Nach eigenen Angaben ist sie heutzutage in mehr als 70 Ländern weltweit vertreten, darunter in Deutschland. Aus ihr gingen neue Organisationen hervor, u.a. die HAMAS in den palästinensischen Gebieten.
Programmatischer Kernpunkt der „Muslimbruderschaft“ ist die Einheit von Religion und Staat, die nach ihrem Verständnis durch die Anwendung der islamischen Rechtsvorschriften (Scharia) verwirklicht werden soll. In Schriften der „Muslimbruderschaft“ wird weltlichen Gesetzen zugunsten der angestrebten islamischen Ordnung zumeist ebenso eine Absage erteilt wie Reformen auf dem Gebiet des islamischen Rechts. Der Gestaltungsfreiraum menschlichen Handelns wird damit erheblich eingeschränkt.

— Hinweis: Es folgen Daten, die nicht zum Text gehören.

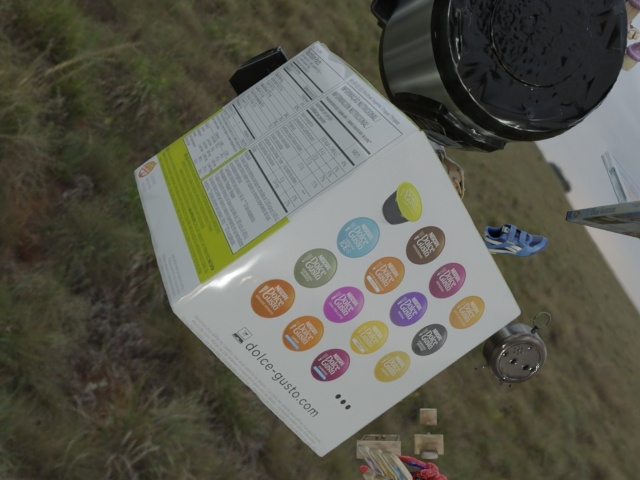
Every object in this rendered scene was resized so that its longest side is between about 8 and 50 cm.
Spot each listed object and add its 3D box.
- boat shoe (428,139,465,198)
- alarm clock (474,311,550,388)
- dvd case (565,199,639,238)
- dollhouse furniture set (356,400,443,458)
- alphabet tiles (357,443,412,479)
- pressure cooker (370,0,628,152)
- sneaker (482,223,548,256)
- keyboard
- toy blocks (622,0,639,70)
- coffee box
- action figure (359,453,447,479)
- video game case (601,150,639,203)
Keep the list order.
[{"bbox_3d":[0.244,-0.125,1.473,0.341,0.110,0.122,-100,-178,-46],"label":"boat shoe"},{"bbox_3d":[0.432,0.232,1.547,0.129,0.192,0.064,28,15,-19],"label":"alarm clock"},{"bbox_3d":[0.560,-0.031,1.215,0.180,0.022,0.253,12,-4,-8],"label":"dvd case"},{"bbox_3d":[0.179,0.400,1.943,0.174,0.303,0.356,49,41,-78],"label":"dollhouse furniture set"},{"bbox_3d":[0.173,0.497,1.319,0.278,0.021,0.284,55,-22,-4],"label":"alphabet tiles"},{"bbox_3d":[0.313,-0.359,1.355,0.420,0.375,0.370,-155,-130,-74],"label":"pressure cooker"},{"bbox_3d":[0.425,-0.003,1.577,0.053,0.144,0.059,-61,144,-48],"label":"sneaker"},{"bbox_3d":[-0.006,-0.201,1.269,0.317,0.201,0.033,57,32,-30],"label":"keyboard"},{"bbox_3d":[0.765,-0.635,1.833,0.308,0.260,0.289,12,54,-16],"label":"toy blocks"},{"bbox_3d":[0.000,0.000,0.968,0.338,0.334,0.338,54,2,-36],"label":"coffee box"},{"bbox_3d":[0.151,0.518,1.564,0.139,0.280,0.092,28,59,-27],"label":"action figure"},{"bbox_3d":[0.695,-0.054,1.545,0.204,0.025,0.285,43,31,-20],"label":"video game case"}]
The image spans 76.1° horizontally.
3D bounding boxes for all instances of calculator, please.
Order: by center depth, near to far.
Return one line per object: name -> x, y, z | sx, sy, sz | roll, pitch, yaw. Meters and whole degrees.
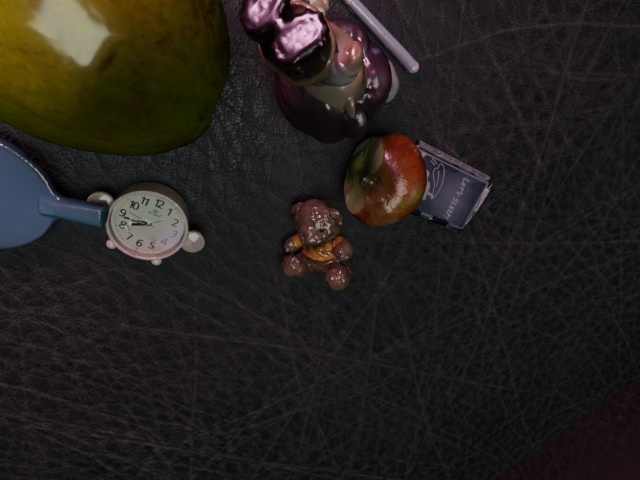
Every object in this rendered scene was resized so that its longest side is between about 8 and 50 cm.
calculator -> 0.291, -0.122, 0.994 | 0.274, 0.028, 0.165 | 19, 108, -27

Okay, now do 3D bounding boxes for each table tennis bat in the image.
table tennis bat -> -0.552, -0.074, 0.722 | 0.329, 0.044, 0.215 | 10, 113, -10

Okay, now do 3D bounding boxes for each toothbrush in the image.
toothbrush -> 0.072, -0.433, 0.757 | 0.342, 0.025, 0.030 | 36, 100, -29

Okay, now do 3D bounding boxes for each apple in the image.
apple -> 0.138, -0.124, 0.848 | 0.160, 0.173, 0.195 | 15, 107, -5

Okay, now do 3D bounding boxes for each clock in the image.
clock -> -0.344, -0.038, 0.822 | 0.229, 0.063, 0.155 | 25, 110, -23

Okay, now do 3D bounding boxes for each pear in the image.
pear -> -0.311, -0.288, 0.548 | 0.414, 0.352, 0.351 | 21, 110, -36

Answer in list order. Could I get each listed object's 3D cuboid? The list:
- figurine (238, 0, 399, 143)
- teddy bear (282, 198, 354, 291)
figurine -> 0.007, -0.294, 0.642 | 0.218, 0.365, 0.206 | 31, 90, 7
teddy bear -> 0.000, 0.000, 0.913 | 0.140, 0.177, 0.190 | -46, 137, -45
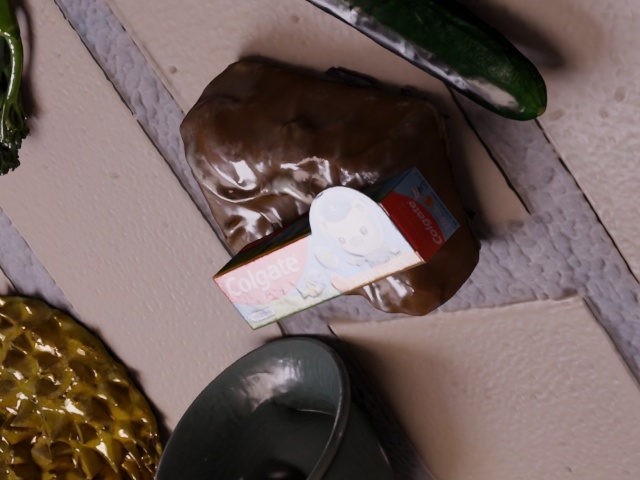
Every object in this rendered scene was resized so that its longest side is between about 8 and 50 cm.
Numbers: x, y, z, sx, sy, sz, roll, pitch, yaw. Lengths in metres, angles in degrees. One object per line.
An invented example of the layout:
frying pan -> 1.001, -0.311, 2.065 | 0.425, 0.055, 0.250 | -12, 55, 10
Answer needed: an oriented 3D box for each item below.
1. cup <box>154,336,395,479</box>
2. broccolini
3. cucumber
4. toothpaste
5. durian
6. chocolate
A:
cup -> -0.014, 0.199, 1.559 | 0.199, 0.199, 0.150 | -2, 143, 48
broccolini -> -0.273, -0.191, 1.474 | 0.079, 0.074, 0.392 | 23, 143, 18
cucumber -> 0.027, -0.155, 1.219 | 0.284, 0.056, 0.056 | 37, 146, 20
toothpaste -> 0.000, 0.000, 1.260 | 0.070, 0.044, 0.193 | 52, 142, -11
durian -> -0.247, 0.159, 1.819 | 0.305, 0.185, 0.195 | 51, 124, 5
chocolate -> -0.001, -0.036, 1.343 | 0.214, 0.093, 0.148 | 13, 134, 38
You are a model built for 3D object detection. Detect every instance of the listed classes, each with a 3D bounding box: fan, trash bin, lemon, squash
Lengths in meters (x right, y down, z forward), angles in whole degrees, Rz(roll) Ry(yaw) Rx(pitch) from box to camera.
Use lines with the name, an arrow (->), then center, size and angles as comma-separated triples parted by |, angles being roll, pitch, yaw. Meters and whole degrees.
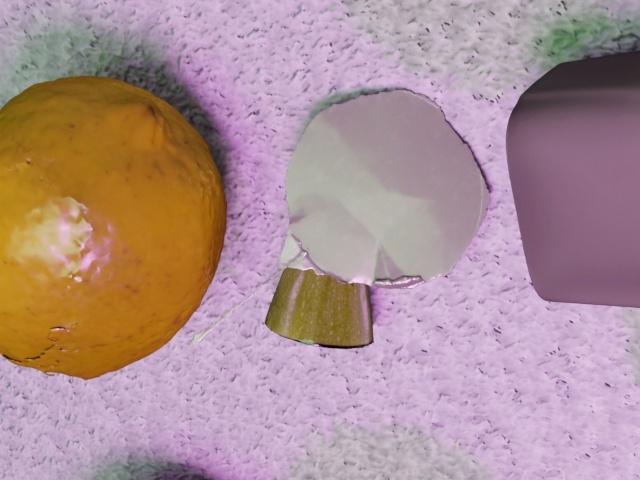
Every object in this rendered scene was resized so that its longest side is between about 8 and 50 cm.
fan -> 0.000, 0.000, 1.224 | 0.310, 0.010, 0.182 | -37, 87, 9
trash bin -> 0.288, -0.051, 1.025 | 0.250, 0.220, 0.219 | 0, 112, 33
lemon -> -0.216, -0.008, 1.254 | 0.253, 0.253, 0.310 | 32, 127, 8
squash -> 0.006, 0.023, 1.271 | 0.105, 0.105, 0.132 | 11, 101, 21
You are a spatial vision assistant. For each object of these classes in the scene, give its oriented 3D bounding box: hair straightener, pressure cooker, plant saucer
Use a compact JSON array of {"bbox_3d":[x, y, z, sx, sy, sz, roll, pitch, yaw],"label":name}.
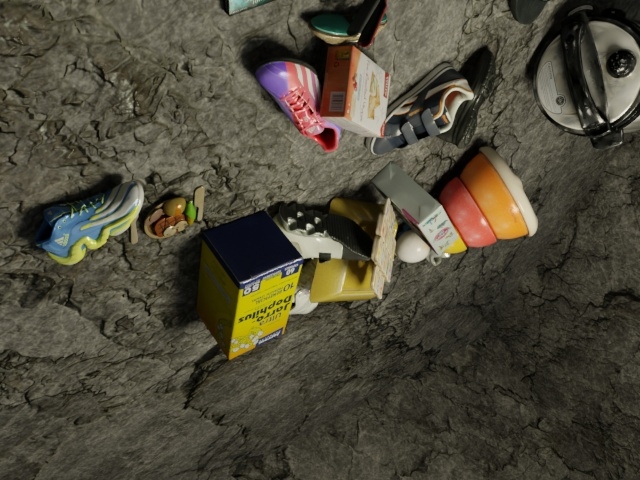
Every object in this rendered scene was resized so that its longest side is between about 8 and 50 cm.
[{"bbox_3d":[0.115,-0.518,1.278,0.089,0.047,0.230,24,95,-45],"label":"hair straightener"},{"bbox_3d":[0.869,-0.508,1.925,0.421,0.370,0.375,-15,139,-45],"label":"pressure cooker"},{"bbox_3d":[0.127,0.046,1.971,0.333,0.081,0.332,4,102,-52],"label":"plant saucer"}]

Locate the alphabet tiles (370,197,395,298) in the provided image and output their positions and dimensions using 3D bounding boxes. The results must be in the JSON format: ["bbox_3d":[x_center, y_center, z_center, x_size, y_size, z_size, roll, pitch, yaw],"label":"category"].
[{"bbox_3d":[0.193,0.026,1.872,0.284,0.021,0.277,54,46,-67],"label":"alphabet tiles"}]

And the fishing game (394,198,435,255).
[{"bbox_3d":[0.368,-0.032,2.334,0.264,0.041,0.189,-44,146,9],"label":"fishing game"}]

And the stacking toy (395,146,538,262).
[{"bbox_3d":[0.470,-0.075,2.185,0.480,0.350,0.350,-29,153,10],"label":"stacking toy"}]

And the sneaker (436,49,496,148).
[{"bbox_3d":[0.406,-0.411,1.781,0.286,0.130,0.109,-66,157,1],"label":"sneaker"}]

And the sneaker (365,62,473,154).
[{"bbox_3d":[0.272,-0.335,1.708,0.321,0.127,0.126,-43,153,9],"label":"sneaker"}]

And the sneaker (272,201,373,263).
[{"bbox_3d":[0.000,0.000,1.795,0.331,0.122,0.146,20,134,-21],"label":"sneaker"}]

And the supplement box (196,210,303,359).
[{"bbox_3d":[-0.203,0.127,1.717,0.194,0.195,0.356,-22,147,-30],"label":"supplement box"}]

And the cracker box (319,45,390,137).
[{"bbox_3d":[0.085,-0.334,1.434,0.232,0.067,0.155,5,92,-64],"label":"cracker box"}]

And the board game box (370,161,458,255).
[{"bbox_3d":[0.305,-0.096,1.982,0.097,0.224,0.303,-44,151,4],"label":"board game box"}]

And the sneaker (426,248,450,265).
[{"bbox_3d":[0.478,0.007,2.450,0.090,0.115,0.232,-20,145,-31],"label":"sneaker"}]

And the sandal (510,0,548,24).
[{"bbox_3d":[0.602,-0.732,1.554,0.168,0.107,0.445,-22,146,-30],"label":"sandal"}]

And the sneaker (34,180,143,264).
[{"bbox_3d":[-0.472,-0.045,1.258,0.240,0.091,0.126,-42,151,6],"label":"sneaker"}]

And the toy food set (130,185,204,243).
[{"bbox_3d":[-0.349,-0.048,1.454,0.192,0.038,0.132,-23,148,-28],"label":"toy food set"}]

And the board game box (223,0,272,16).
[{"bbox_3d":[-0.095,-0.495,1.137,0.186,0.026,0.126,-29,150,-20],"label":"board game box"}]

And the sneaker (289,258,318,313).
[{"bbox_3d":[-0.034,0.138,2.020,0.152,0.114,0.305,-5,136,-49],"label":"sneaker"}]

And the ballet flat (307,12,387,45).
[{"bbox_3d":[0.056,-0.449,1.345,0.206,0.073,0.067,-17,159,-30],"label":"ballet flat"}]

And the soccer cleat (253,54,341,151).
[{"bbox_3d":[-0.036,-0.296,1.371,0.109,0.116,0.318,-13,163,23],"label":"soccer cleat"}]

Muslimbrüder unterhalten organisatorisches Netz in Europa
Angehörige der „Muslimbruderschaft“ schufen in den zurückliegenden Jahrzehnten in Europa ein Netz von Moscheen, Instituten und Verbänden. Sie verbreiten bis heute ihre Ideologie und verfolgen ihre gesellschaftlichen sowie politischen Interessen. In Deutschland wird die „Deutsche Muslimische Gemeinschaft e.V.“ (DMG), ehemals „Islamische Gemeinschaft in Deutschland e.V.“ (IGD), aufgrund der vorliegenden Erkenntnisse von den Verfassungsschutzbehörden der „Muslimbruderschaft“ zugerechnet.
Neben ihrem Hauptsitz in Berlin unterhält sie nach eigenen Angaben „Islamische Zentren“ in München, Nürnberg, Stuttgart, Frankfurt a. M., Marburg, Köln, Münster und Braunschweig.

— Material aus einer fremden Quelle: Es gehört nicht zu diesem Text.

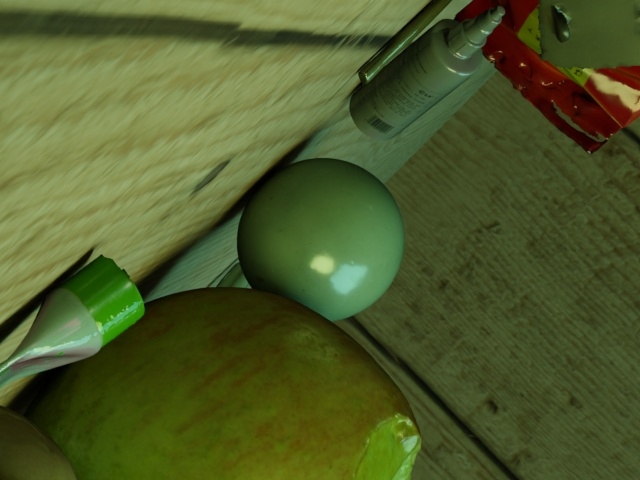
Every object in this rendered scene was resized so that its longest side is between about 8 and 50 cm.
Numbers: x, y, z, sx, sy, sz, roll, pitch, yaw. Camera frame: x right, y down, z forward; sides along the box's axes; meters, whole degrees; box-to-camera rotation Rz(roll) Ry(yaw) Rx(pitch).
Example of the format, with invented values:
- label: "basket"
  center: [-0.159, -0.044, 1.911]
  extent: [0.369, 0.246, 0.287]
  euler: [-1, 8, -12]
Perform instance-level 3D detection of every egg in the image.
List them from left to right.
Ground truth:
- label: "egg"
  center: [0.000, 0.000, 1.723]
  extent: [0.149, 0.149, 0.192]
  euler: [-45, 175, 15]

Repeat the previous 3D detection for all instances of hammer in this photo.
- label: "hammer"
  center: [0.105, -0.206, 1.625]
  extent: [0.199, 0.013, 0.062]
  euler: [-45, 177, -13]

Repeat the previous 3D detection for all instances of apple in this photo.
- label: "apple"
  center: [-0.095, 0.208, 1.601]
  extent: [0.339, 0.339, 0.339]
  euler: [-44, 177, -2]

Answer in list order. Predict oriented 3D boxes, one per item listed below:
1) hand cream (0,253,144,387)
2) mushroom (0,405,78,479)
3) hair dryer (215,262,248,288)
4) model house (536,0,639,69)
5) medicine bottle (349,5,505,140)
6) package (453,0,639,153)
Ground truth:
- label: "hand cream"
  center: [-0.227, 0.107, 1.162]
  extent: [0.275, 0.050, 0.079]
  euler: [-38, 150, -24]
- label: "mushroom"
  center: [-0.328, 0.280, 1.270]
  extent: [0.407, 0.137, 0.154]
  euler: [-50, 136, -4]
- label: "hair dryer"
  center: [-0.151, 0.110, 2.154]
  extent: [0.225, 0.088, 0.219]
  euler: [-59, 171, 12]
- label: "model house"
  center: [0.223, -0.258, 1.133]
  extent: [0.243, 0.211, 0.204]
  euler: [72, 15, -57]
- label: "medicine bottle"
  center: [0.100, -0.154, 1.655]
  extent: [0.057, 0.057, 0.199]
  euler: [-42, -177, -41]
- label: "package"
  center: [0.267, -0.237, 1.515]
  extent: [0.123, 0.196, 0.423]
  euler: [-43, 175, -30]
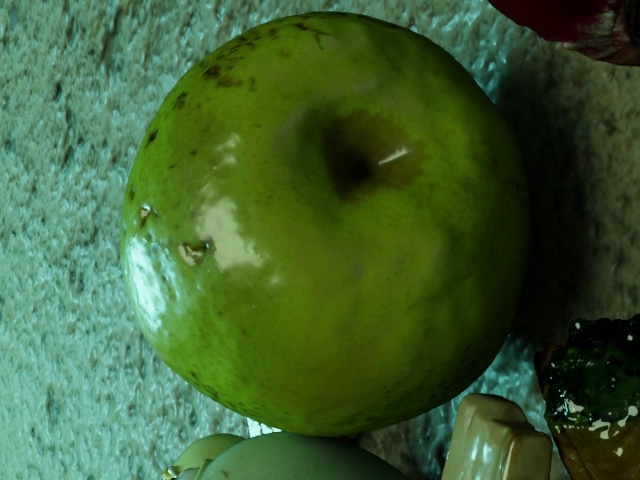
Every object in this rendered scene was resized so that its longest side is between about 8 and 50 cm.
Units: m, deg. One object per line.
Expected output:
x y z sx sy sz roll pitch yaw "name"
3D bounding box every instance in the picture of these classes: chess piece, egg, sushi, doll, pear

In Rheinland-Pfalz gibt es Personen, die der Ideologie der „Muslimbruderschaft“ folgen und in ihr deutsches organisatorisches Umfeld eingebunden sind. Ebenso liegen Anhaltspunkte dafür vor, dass einzelne Moscheevereine Bezüge zur „Muslimbruderschaft“ aufweisen, durch sie beeinflusst und bestrebt sind, deren Weltbild im Rahmen ihrer Bildungsarbeit zu verbreiten.